GOAL OF THE EXERCISE: Set down only what runs from the line containing "0 0 1-3.4-5.1zM25.1" through the last line of the data, exactly as it reads.

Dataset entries
▬▬▬▬▬▬▬▬▬▬

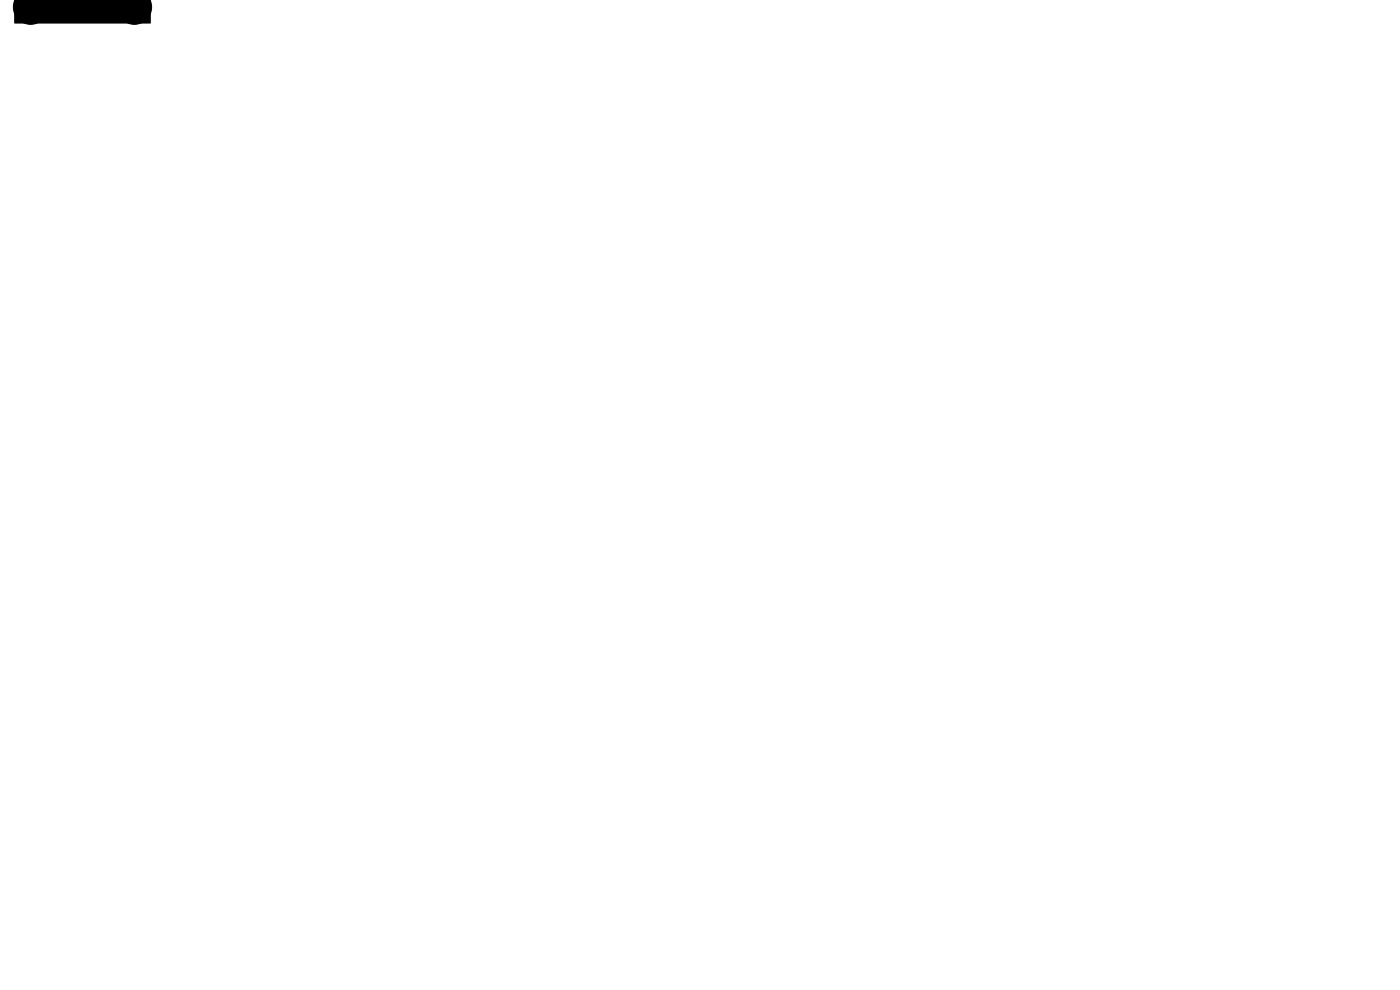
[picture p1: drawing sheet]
<svg xmlns="http://www.w3.org/2000/svg" width="297mm" height="210mm" viewBox="0 0 297 210" stroke-linecap="round" stroke-linejoin="round" font-family="sans-serif">
<path d="M3.1 .1l.4-.2h6l.4 .2a3.7 3.7 0 0 1-3.4 5.1 3.7 3.7 0 0 1-3.4-5.1zM25.1 .1l.4-.2h6l.4 .2a3.7 3.7 0 0 1-3.4 5.1 3.7 3.7 0 0 1-3.4-5.1z" fill="#000" stroke="#000" stroke-width=".21"/>
<path d="M3 -.1h29h-1.2h1.2v5l-.1 .1h-28.8l-.1-.1z" fill="#000"/>
</svg>

▬▬▬▬▬▬▬▬▬▬

EXERCISE SOLUTION:
<path d="M3.1 .1l.4-.2h6l.4 .2a3.7 3.7 0 0 1-3.4 5.1 3.7 3.7 0 0 1-3.4-5.1zM25.1 .1l.4-.2h6l.4 .2a3.7 3.7 0 0 1-3.4 5.1 3.7 3.7 0 0 1-3.4-5.1z" fill="#000" stroke="#000" stroke-width=".21"/>
<path d="M3 -.1h29h-1.2h1.2v5l-.1 .1h-28.8l-.1-.1z" fill="#000"/>
</svg>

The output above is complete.